EGPC urges Aramco to provide petroleum shipments worth $300m

Mohamed Adel
3 Min Read
EGAS has completed the technical and financial evaluation of the offers from companies applying for the tender to supply the second gasification ship (AFP photo)

The Egyptian General Petroleum Corporation (EGPC) urged Saudi Aramco to provide Egypt with the $300m worth of petroleum shipments.

The shipments are part of the first contract to supply petroleum products worth $1.4bn for a period of three months ending in November.

A senior official at the Ministry of Petroleum and Mineral Resources told Daily News Egypt that the prices of Brent oil have declined in global markets over the past three months, which allows for an excess of facilitations contracted by the EGPC with Aramco.

The source added that the Ministry of International Cooperation negotiated with the Saudi side to renew the supply contract with Aramco with long-term payment facilitations, in addition to the provision of $300m worth of shipments remaining from the first contract.

A high-level Saudi delegation will visit Egypt within the next two weeks to finalise the Saudi-Egyptian Coordination Council talks, and to discuss investment opportunities and aid to support Egypt’s state budget, through grants, petroleum aids, and deposits at the Central Bank of Egypt (CBE).

The official explained that the previous contract with the Saudi company included the provision of 500,000 tonnes of diesel, 220,000 tonnes of fuel oil, and 150,000 tonnes of gasoline a month.

The Ministry of Petroleum and Aramco signed a contract for facilitations of about $1.4bn for the supply of shipments of petroleum products over a period of three months starting last September. The value of the contract is to be paid one year later.

Saudi Arabia is the largest oil exporter in the world, along with the UAE and Kuwait. The three Arab states have provided Egypt with billions of dollars worth of aid after the ouster president Mohamed Morsi in July 2013.

Saudi Arabia had increased its raw production to 10.308m barrels during the second half of this year, so as to enhance its share in the Asian market and nourish local power plants and refineries.
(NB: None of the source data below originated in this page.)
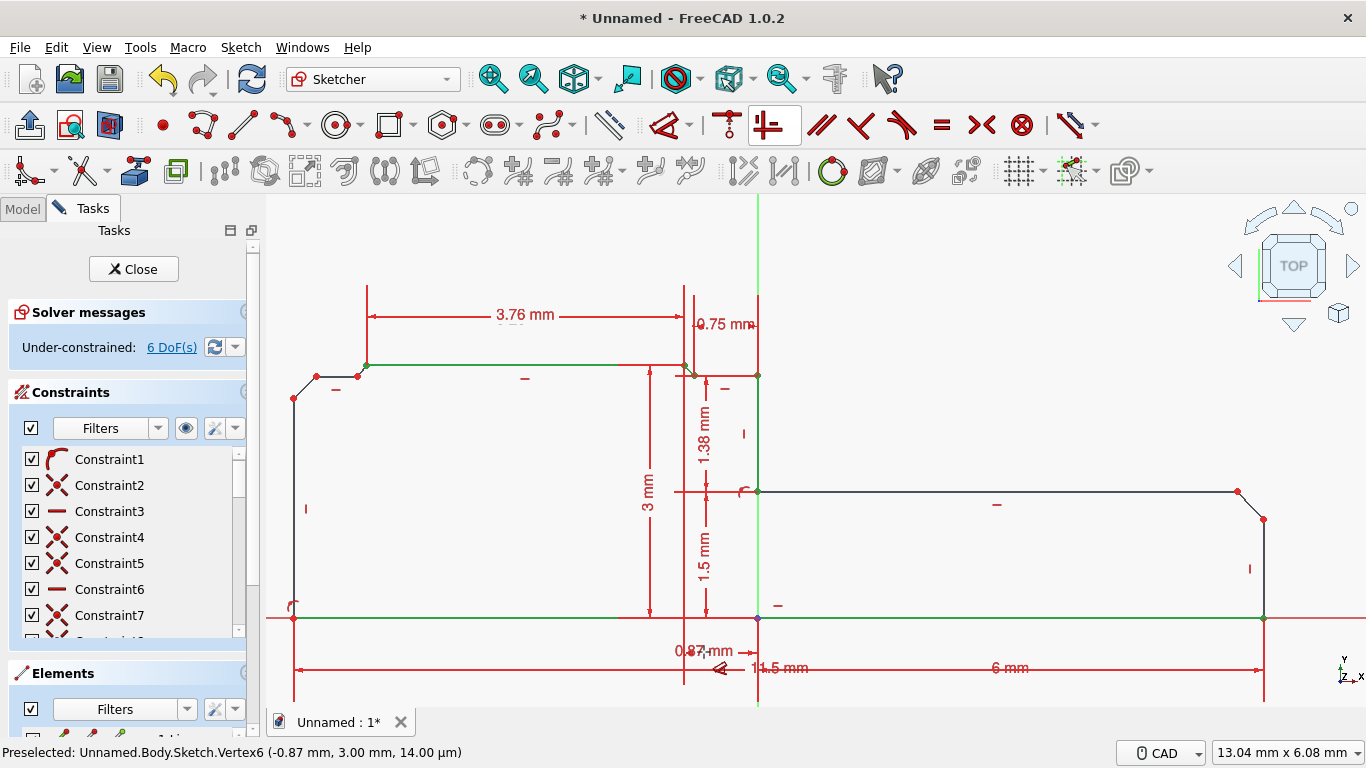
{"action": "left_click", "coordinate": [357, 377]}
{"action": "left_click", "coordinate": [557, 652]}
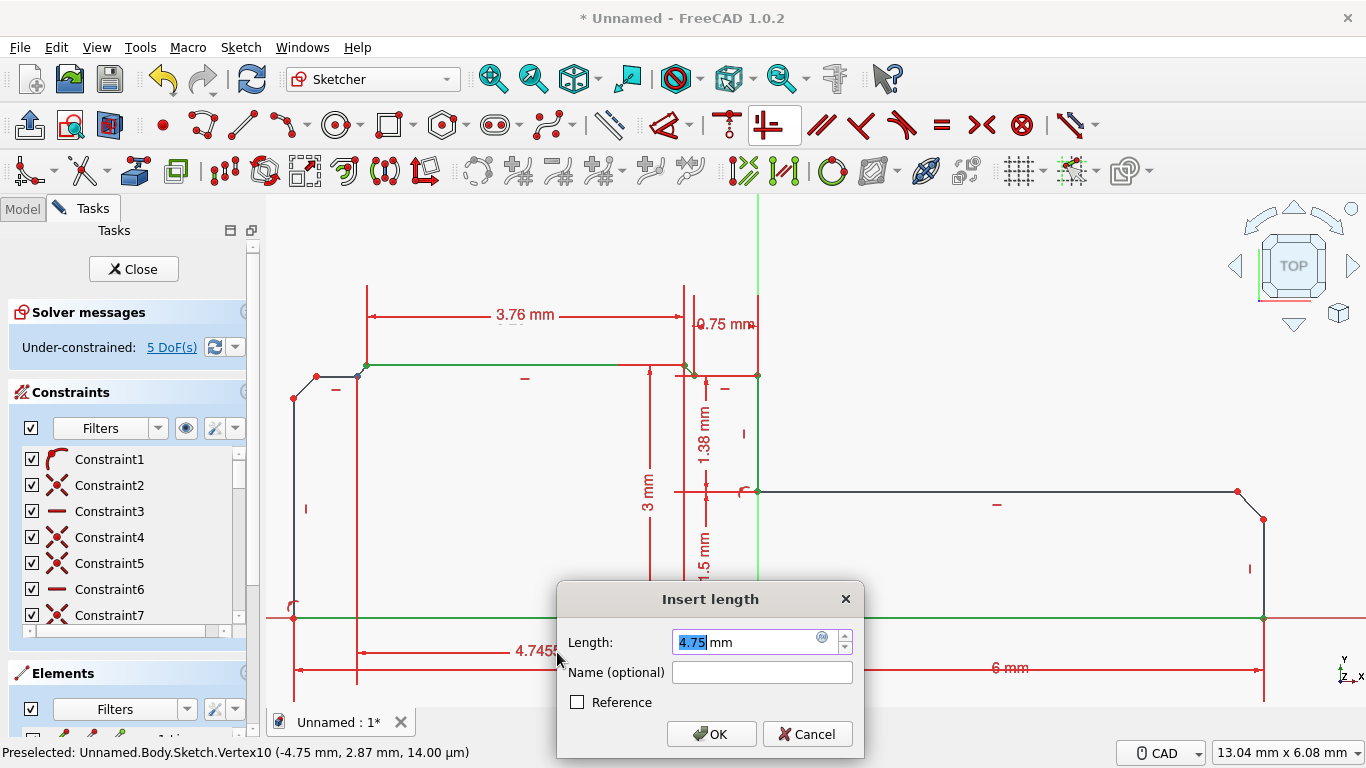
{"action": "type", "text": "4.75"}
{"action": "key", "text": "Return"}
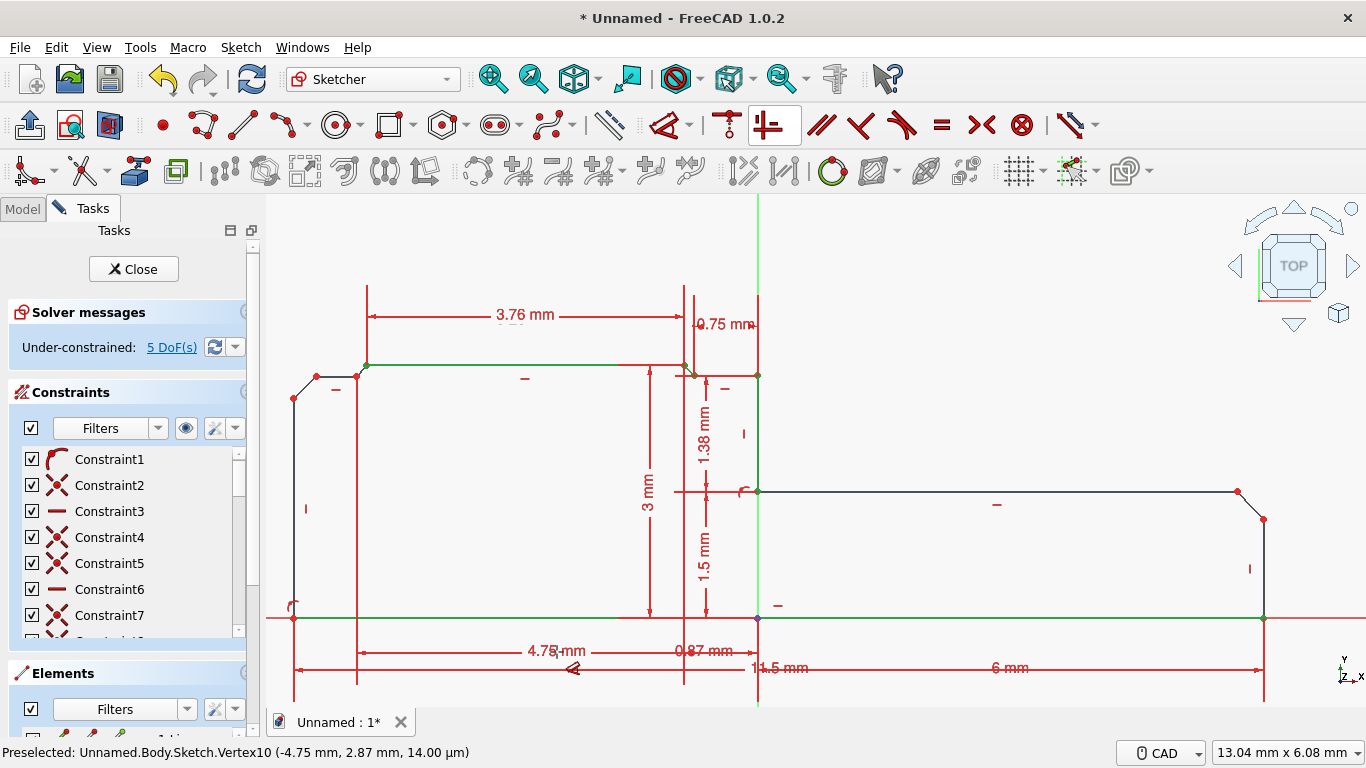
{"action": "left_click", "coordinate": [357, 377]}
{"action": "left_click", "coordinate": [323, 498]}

An EGPC report estimated the needs of the domestic market at 500,000 tonnes of diesel, 300,000 tonnes of butane, 150,000 tonnes of gasoline, and 500,000 tonnes of fuel oil per month.

The annual domestic consumption of gasoline stands at 6.1m tonnes, of which gasoline 80 takes up nearly half (2.7m tonnes), followed by gasoline 92 (2.5m tonnes). Gasoline 95 accounts for about 400,000 tonnes, according to figures in the closing account of the FY 2014/2015 budget.